Atraksi perayaan Lebaran ini jadi daya tarik luar biasa. Berlokasi di Kelurahan Yosonegoro, Kecamatan Limboto Barat, Kabupaten Gorontalo, kegiatan ini dihadiri puluhan ribu pengunjung. Mereka terlihat sangat antusias mengikuti rangkaian acara yang digelar sejak pagi. Demi memastikan jumlah penyajian ketupat terbanyak, tepat pukul 06.00 WITA proses penghitungan dilakukan oleh Tim MURI.
 
MURI melakukan penghitungan secara detail. Ketupat-ketupat yang masih ada di dalam wadah diminta keluarkan lalu dihitung. Setelah beberapa jam, didapatkan jumlah ketupat 34.331 ketupat yang disediakan. 

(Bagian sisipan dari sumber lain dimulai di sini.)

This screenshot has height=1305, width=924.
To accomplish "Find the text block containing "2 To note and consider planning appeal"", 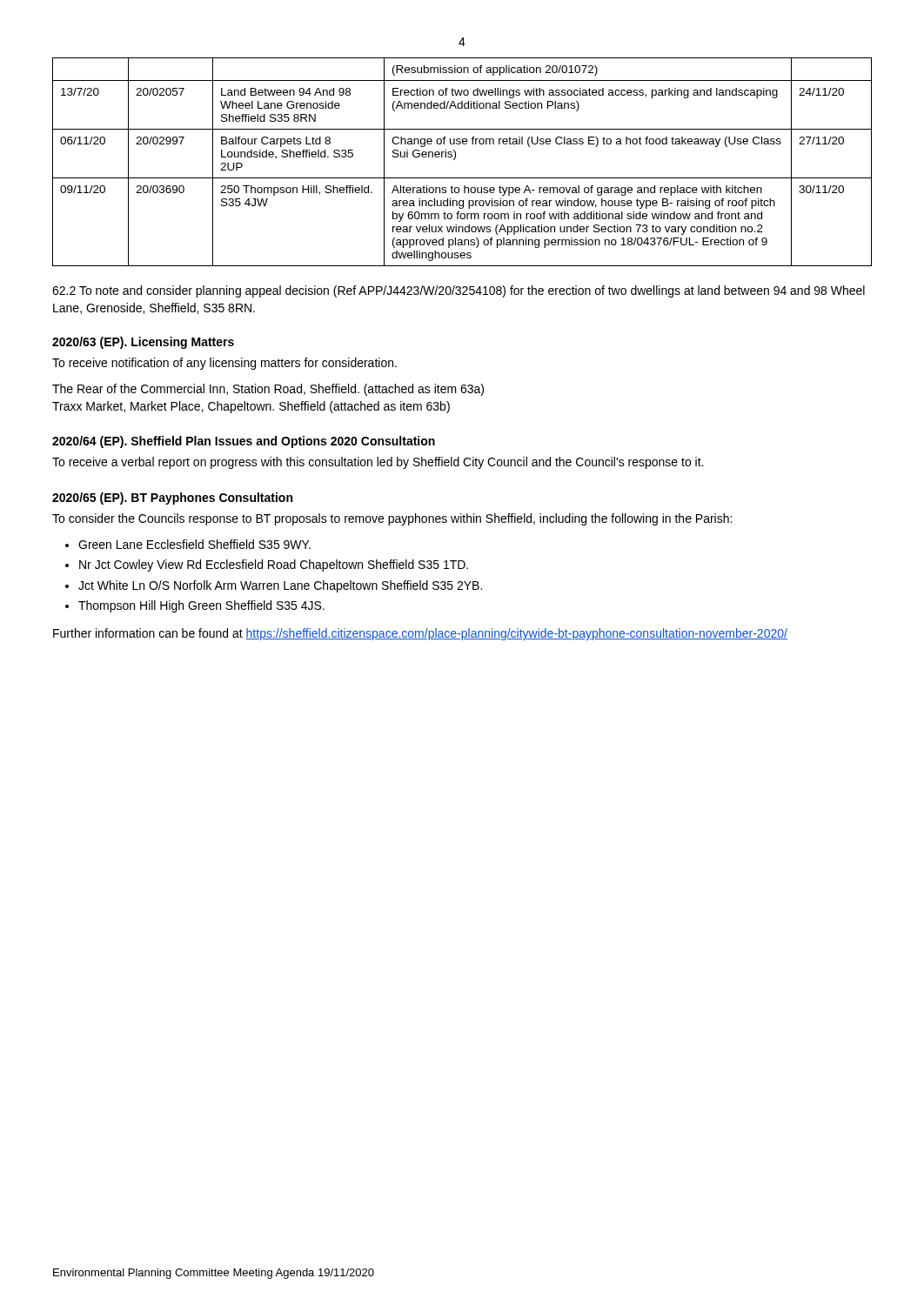I will coord(459,299).

Triono menambahkan, penghargaan MURI diberikan lantaran jumlah ketupat yang disajikan sangat besar.
 
“Pencatatan rekor penyajian ketupat terbanyak pernah dilakukan MURI di Jakarta. Tapi, rekor tersebut sudah dipecahkan oleh Gorontalo dengan jumlah penyajian ketupat yang lebih besar. Data yang kami peroleh sangat valid. Sebab, kami melakukan verifikasi secara detail,” lanjut Triono lagi.
 
Setelah diverifikasi, jumlah ketupatnya surplus 4.331 dari rekor sebelumnya. Rekor pada 2012 dipegang Pemerintah Kota Jakarta Barat dengan jumlah penyajian 30.000 ketupat. Piagam MURI pun diberikan. Yaitu sekitar pukul 10.00 WITA. Piagam ini diterima Wakil Gubernur Gorontalo Idris Rahim. Ikut mendampingi juga Gubernur Gorontalo Rusli Habibie.
 
“Pada hari Jumat ini (22/6), kami mencatat kegiatan ini sebagai rekor MURI. Mereka layak menerimanya karena telah membuat capaian prestasi yang luar biasa besar,” terang Triono.
 
Capaian prestasi MURI Pemerintah Provinsi Gorontalo ini semakin spesial. Diajukan sebagai rekor nasional, MURI justru mencatatnya sebagai rekor dunia. Otomatis piagam penghargaan yang diberikan MURI pun berlabel rekor dunia. 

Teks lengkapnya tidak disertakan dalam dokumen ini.